Le détroit d'Ormuz est presque fermé, le Japon chasse le pétrole jusqu'aux États-Unis et en Afrique
JAKARTA - Le Japon a accéléré les achats de brut en dehors du Moyen-Orient après que les livraisons par le détroit d’Ormuz avaient presque cessé. Le pays cherche maintenant des approvisionnements des États-Unis, de l’Azerbaïdjan, du Sud-Soudan, jusqu’à Sakhalin dans le Far-Est de la Russie.
Kyodo News, citant plusieurs sources, a rapporté jeudi 11 juin, le Japon estime que les importations de brut en juillet pourraient rétablir le niveau de l’an dernier. Cette projection survient alors que la guerre perturbe les principales voies énergétiques du monde.
Jusqu'à présent, le Japon dépend du Moyen-Orient pour plus de 90% de ses importations de brut. Une grande partie de l'approvisionnement passe par le détroit d'Ormuz. Cette route est généralement empruntée par environ 20% du pétrole et du gaz naturel liquide du monde.
Les perturbations dans le détroit d’Ormuz ont contraint Tokyo à trouver de nouveaux fournisseurs. Le gouvernement japonais avait auparavant estimé que les importations de brut en juin n’étaient que d’environ 80% par rapport à la même période l’an dernier.

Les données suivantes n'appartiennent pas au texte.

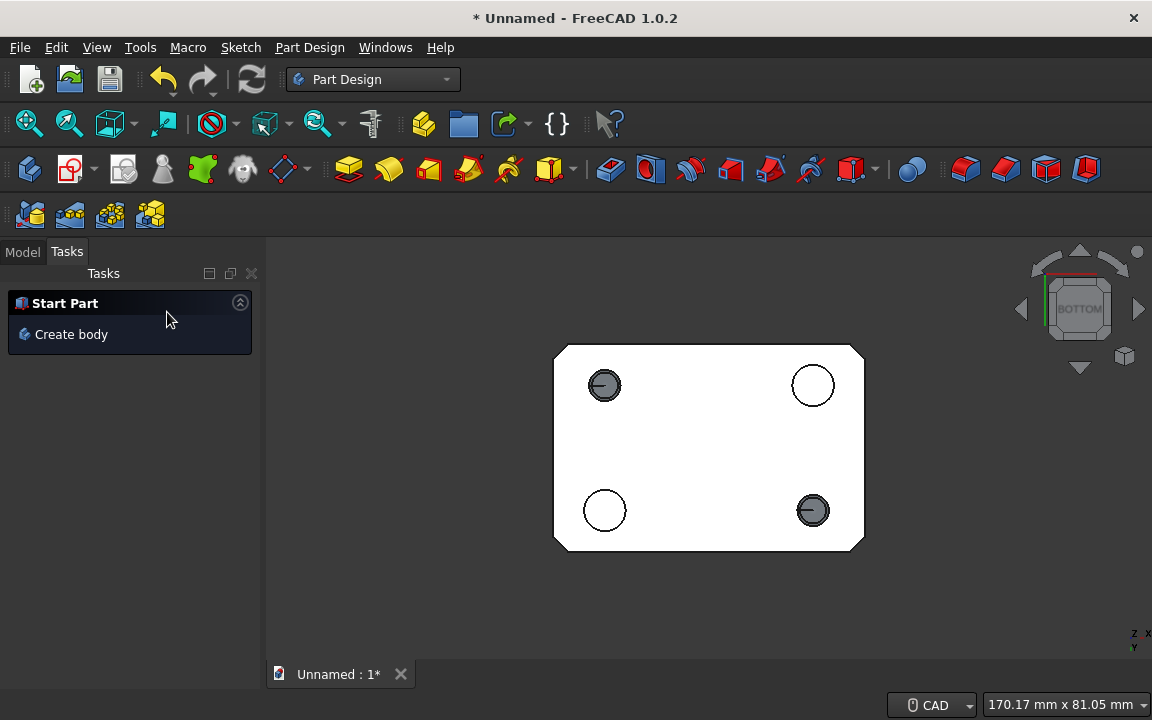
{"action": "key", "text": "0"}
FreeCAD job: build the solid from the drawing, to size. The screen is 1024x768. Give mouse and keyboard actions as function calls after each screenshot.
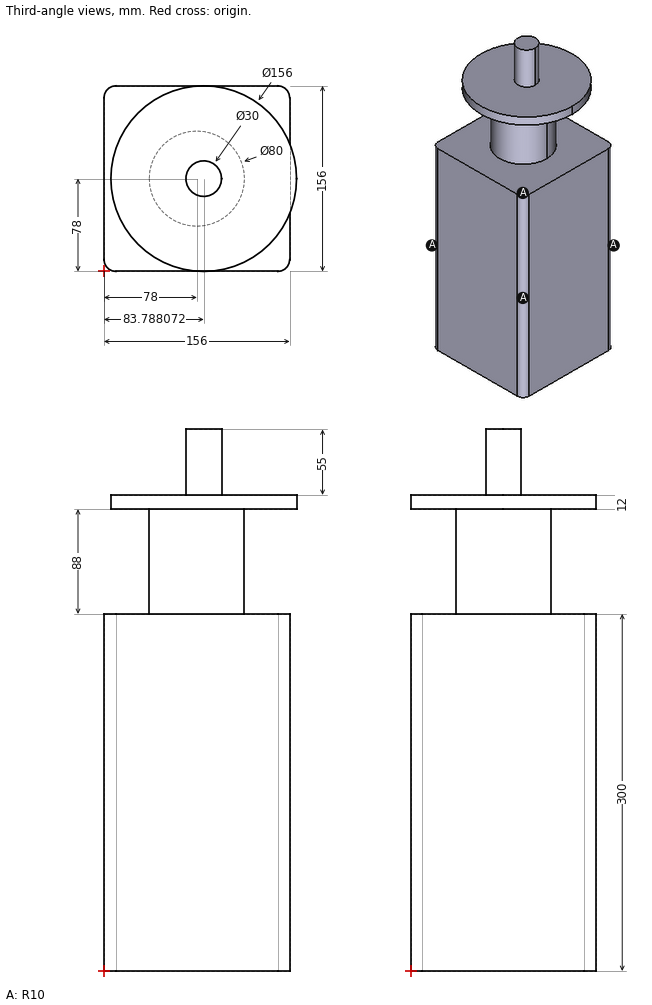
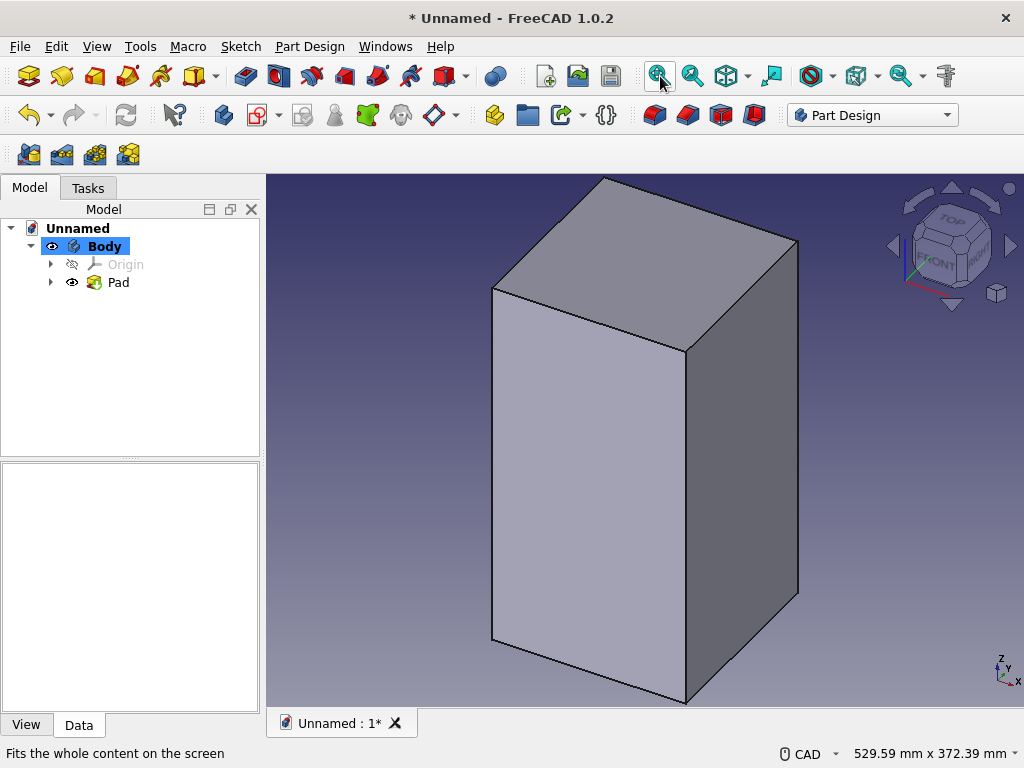
click(645, 264)

Le Premier ministre Sanae Takaichi devrait annoncer les projections d’importations de juillet lors d’une réunion ministérielle jeudi. La réunion a examiné la réponse de la Japon aux développements au Moyen-Orient.

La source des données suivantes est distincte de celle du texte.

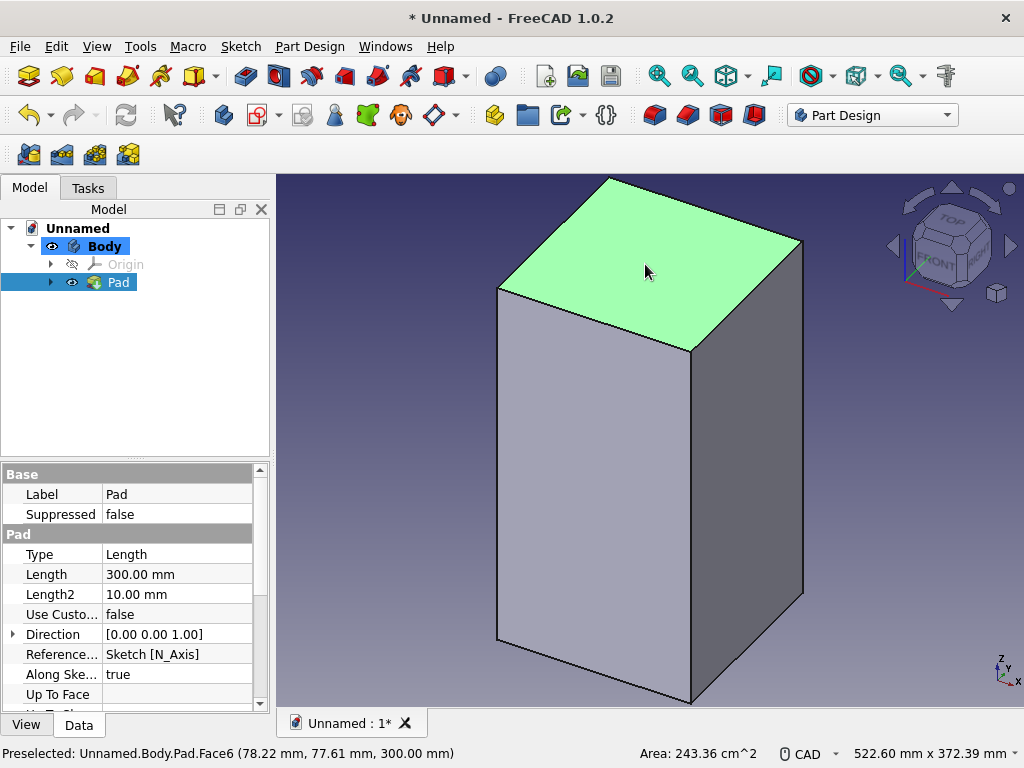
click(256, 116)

La pression sur le Japon a augmenté après que les États-Unis et Israël ont attaqué l’Iran fin février. Il n’est pas clair quand la guerre prendra fin. Cette incertitude oblige le Japon, un pays pauvre en ressources naturelles, à élargir ses sources d’approvisionnement en pétrole.
Le Japon a reçu sa première livraison de brut des États-Unis en avril, après que la situation au Moyen-Orient s’est détériorée. Depuis mai, le Japon a également sécurisé des approvisionnements de l’Azerbaïdjan, du Sud-Soudan et de Sakhaline.
Selon une source citée par Kyodo, les projections de juillet reflètent les progrès japonais dans l'obtention de sources alternatives.